Example code for contact class can be found here.

Currently below parameters as argument are supported to fetched using Contracts:

  • name: name of the contract

  • address: address of the contract

  • deploy_tx_hash: transaction hash at which contract was deployed

  • Constructor_args

  • protocol: protocol name

  • product: product name

  • abi_hash

  • abi

Contract functions are accessible using the contract.functions property.

Tip: the contract object returned from contract class can be used to fetch any specific web3 attributes of the contract and call contract functions. As well it can be used as a DTO (see details below) so it can be returned as part of the output of a model.

Ledger

Credmark allows access to in-house blockchain ledger data via ledger interface (context.ledger), so that any model can fetch/use ledger data if required. This is done via Ledger class which currently supports below functions:

  • get_transactions

  • get_traces

  • get_logs

  • get_contracts

  • get_blocks

  • get_receipts

  • get_erc20_tokens

  • get_erc20_transfers

Please refer here for the code of the Ledger class.

Block number

The context.block_number holds the block number for which a model is running. Models only have access to data at (by default) or before this block number (by instantiating a new context). In other words models cannot see into the future and ledger queries etc. will restrict access to data by this block number.
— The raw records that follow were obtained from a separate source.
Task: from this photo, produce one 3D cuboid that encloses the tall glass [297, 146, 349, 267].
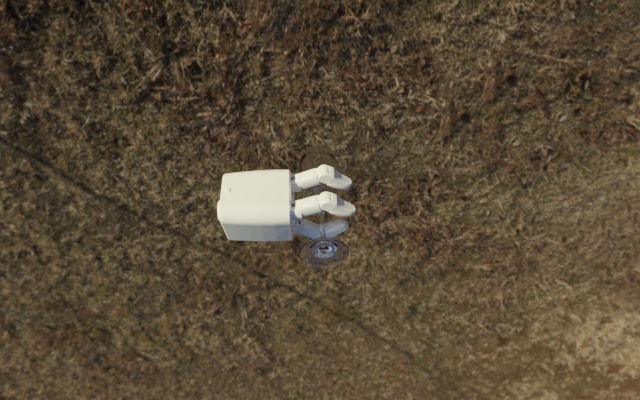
[{"bbox_3d":[0.000,0.003,0.771,0.079,0.200,0.079,-2,-40,-2],"label":"tall glass"}]
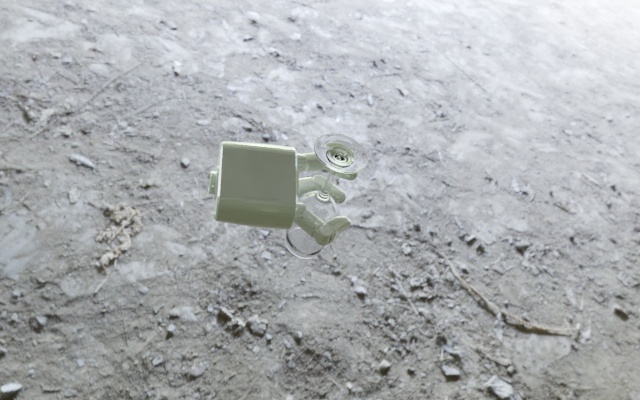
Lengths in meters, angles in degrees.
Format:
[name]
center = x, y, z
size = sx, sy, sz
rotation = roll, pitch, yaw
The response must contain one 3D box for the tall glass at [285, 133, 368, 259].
[tall glass]
center = 0.000, 0.002, 0.691
size = 0.079, 0.079, 0.201
rotation = 0, -41, -21
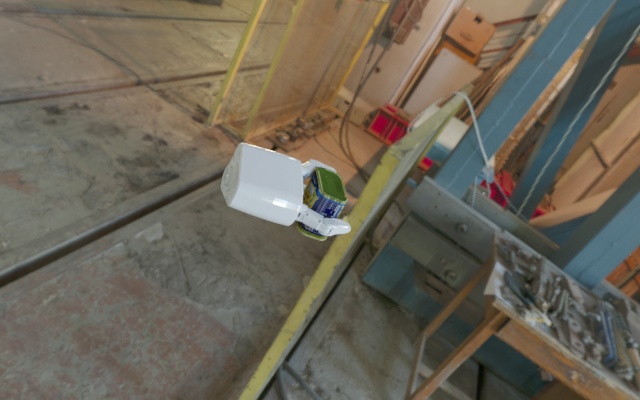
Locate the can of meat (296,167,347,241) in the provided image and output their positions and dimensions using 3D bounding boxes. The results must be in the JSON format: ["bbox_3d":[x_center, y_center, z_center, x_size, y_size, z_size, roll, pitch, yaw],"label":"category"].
[{"bbox_3d":[0.000,0.002,0.810,0.057,0.084,0.102,20,29,-20],"label":"can of meat"}]
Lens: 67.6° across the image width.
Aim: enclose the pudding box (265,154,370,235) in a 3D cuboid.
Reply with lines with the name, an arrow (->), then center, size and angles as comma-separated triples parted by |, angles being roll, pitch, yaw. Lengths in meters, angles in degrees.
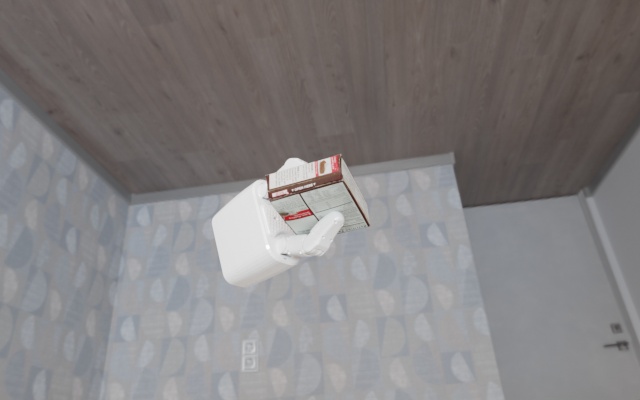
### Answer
pudding box -> 0.000, 0.002, 0.552 | 0.090, 0.039, 0.113 | -15, -33, 13
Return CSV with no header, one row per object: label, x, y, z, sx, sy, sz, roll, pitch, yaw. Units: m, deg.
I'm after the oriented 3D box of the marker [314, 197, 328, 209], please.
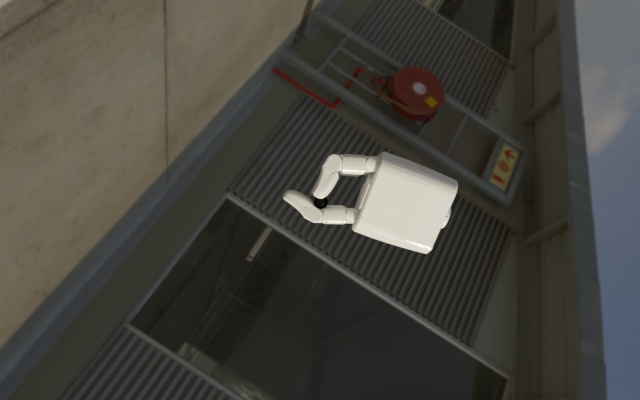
marker,0.000,0.002,0.675,0.020,0.020,0.121,0,-1,-1
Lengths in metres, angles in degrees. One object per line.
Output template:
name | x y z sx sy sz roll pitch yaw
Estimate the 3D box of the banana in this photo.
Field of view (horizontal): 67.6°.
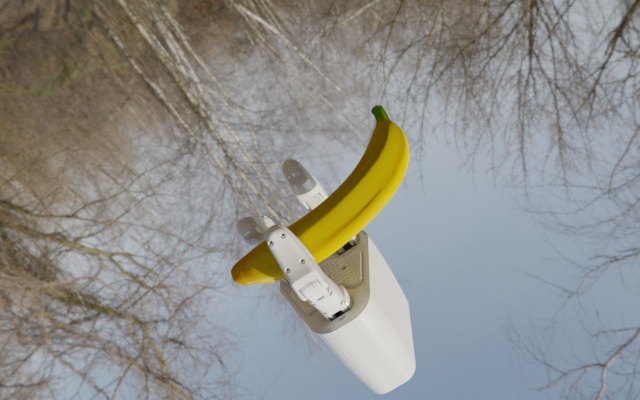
banana | 0.013 0.004 0.386 0.069 0.197 0.037 25 -22 52
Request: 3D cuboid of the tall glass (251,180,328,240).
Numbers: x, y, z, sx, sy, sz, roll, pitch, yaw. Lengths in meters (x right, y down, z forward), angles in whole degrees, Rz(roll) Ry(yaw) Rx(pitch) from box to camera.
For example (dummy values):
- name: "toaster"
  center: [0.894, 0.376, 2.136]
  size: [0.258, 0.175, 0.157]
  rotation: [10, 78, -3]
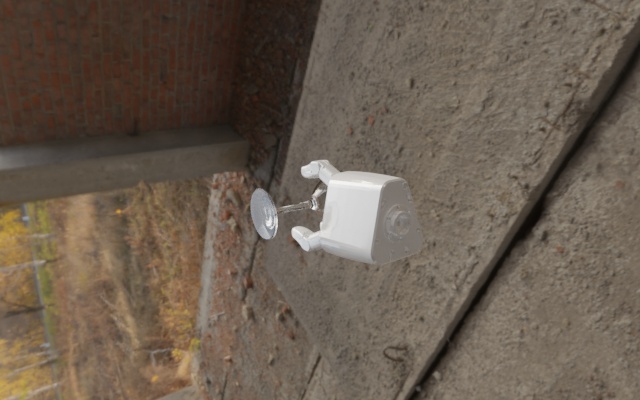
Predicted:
- name: "tall glass"
  center: [-0.001, 0.002, 0.729]
  size: [0.201, 0.079, 0.079]
  rotation: [-12, 7, -34]
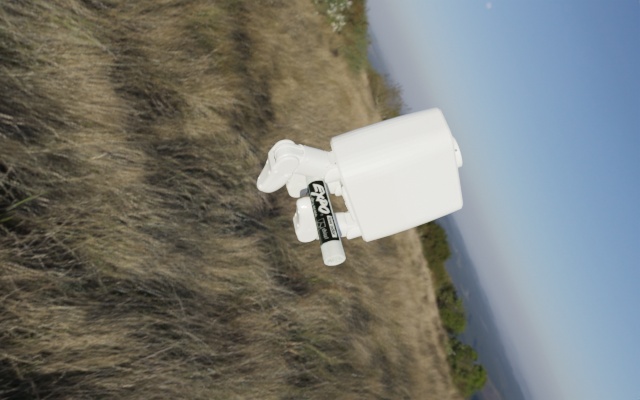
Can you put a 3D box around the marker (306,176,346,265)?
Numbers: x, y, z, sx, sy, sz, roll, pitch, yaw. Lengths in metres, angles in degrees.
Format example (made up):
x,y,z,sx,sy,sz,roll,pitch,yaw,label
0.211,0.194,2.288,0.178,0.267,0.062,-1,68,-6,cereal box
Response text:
x,y,z,sx,sy,sz,roll,pitch,yaw,label
0.000,0.001,0.438,0.020,0.121,0.020,-10,-31,-6,marker
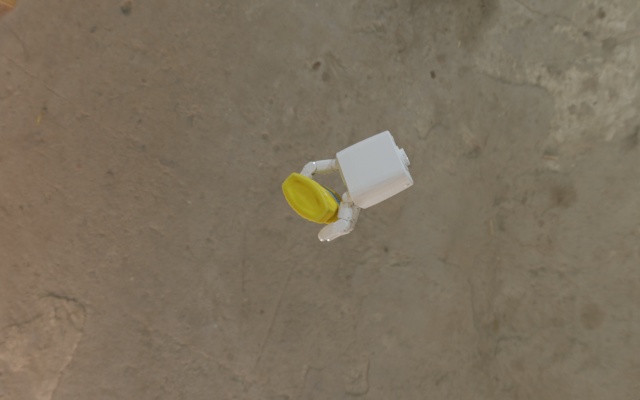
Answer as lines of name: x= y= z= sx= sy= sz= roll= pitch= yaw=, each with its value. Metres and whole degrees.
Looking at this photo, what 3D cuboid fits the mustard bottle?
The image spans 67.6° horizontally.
mustard bottle: x=0.000 y=0.003 z=0.884 sx=0.096 sy=0.058 sz=0.191 roll=44 pitch=7 yaw=16
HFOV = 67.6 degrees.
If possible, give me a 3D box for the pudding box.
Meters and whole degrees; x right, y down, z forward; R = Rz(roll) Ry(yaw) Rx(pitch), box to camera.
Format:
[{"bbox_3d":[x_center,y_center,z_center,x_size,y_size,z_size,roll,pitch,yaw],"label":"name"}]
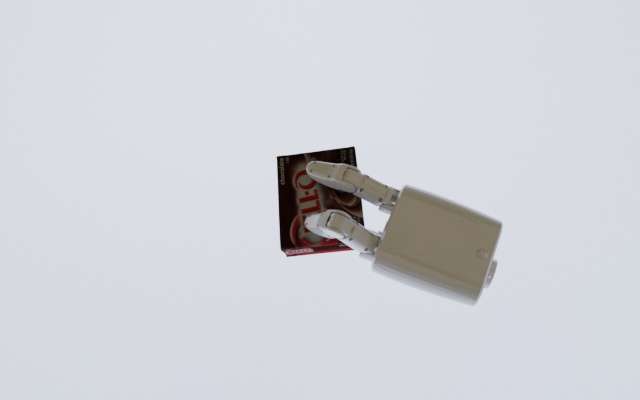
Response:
[{"bbox_3d":[0.000,0.002,0.524,0.090,0.113,0.039,-7,-24,4],"label":"pudding box"}]
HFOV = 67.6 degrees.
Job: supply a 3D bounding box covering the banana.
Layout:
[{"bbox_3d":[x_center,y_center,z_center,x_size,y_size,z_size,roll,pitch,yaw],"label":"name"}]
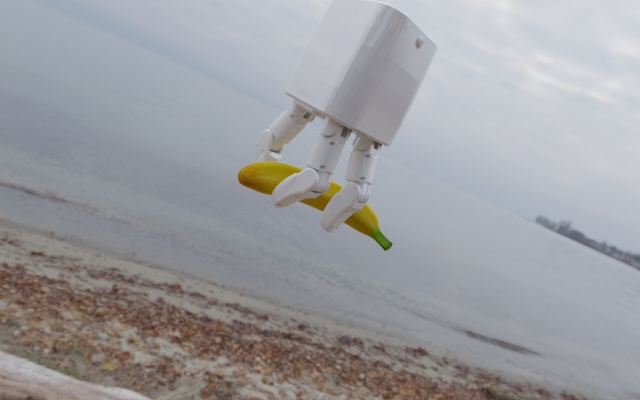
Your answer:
[{"bbox_3d":[-0.003,-0.005,0.512,0.198,0.037,0.069,24,14,-29],"label":"banana"}]
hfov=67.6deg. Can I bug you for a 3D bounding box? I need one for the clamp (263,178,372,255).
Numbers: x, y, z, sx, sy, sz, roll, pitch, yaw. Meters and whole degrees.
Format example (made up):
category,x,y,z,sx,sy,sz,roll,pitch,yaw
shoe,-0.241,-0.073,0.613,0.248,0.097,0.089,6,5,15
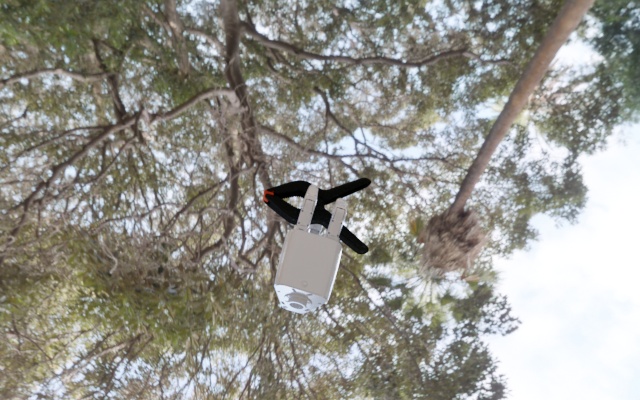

As a subclass of int, the BlockNumber class allows the provided block numbers to be treated as integers and hence enables arithmetic operations on block numbers. It also allows you to fetch the corresponding datetime and timestamp properties for the block number. This can be super useful in case we want to run any model iteratively for a certain block-interval or time-interval backwards from the block number provided in the context.

Example code for the block-number class can be found here.

Block number, Timestamp and Python datetime

In blockchain, every block is created with a timestamp (in Unix epoch). In Python there are two types for date, date and datetime, with datetime can be with tzinfo or without. To provide convienent tools to query between the three and resolve the confusion around time, we have a few tools with BlockNumber class.

  1. property, block_number.timestamp_datetime: Return the Python datetime with UTC of the block.

  2. property, block_number.timestamp: Return the Unix epoch of the block.

  3. class method: from_datetime(cls, timestamp: int): Return a BlockNumber instance to be less or equal to the input timestamp.

    Be cautious when we obtain a timestamp from a Python datetime, we should attach a tzinfo (e.g. timezone.utc) to the datetime. Otherwise, Python take account of the local timezone when converting to a timestamp. See the model example.block-time.

  4. Use a BlockNumber instance: Obtain a Python datetime with UTC of the block. The block number should be less or equal to the context block.

    from credmark.types import BlockNumber
    
    dt = BlockNumber(14234904).timestamp_datetime
    

More example code for the block-number class can be found in here

Historical Utility

The historical utility HistoricalUtil, available at context.historical (see code here), allows you to run a model over a series of blocks for any defined range and interval.

Block ranges can be specified by blocks (either a window from current block or a start and end block) with run_model_historical_blocks() or by time (a window from the current block’s time or start and end time) with run_model_historical(). Times can be specified different units, i.e. year, month, week, day, hour, minute and second.

See e_11_historical.py on how to use this class.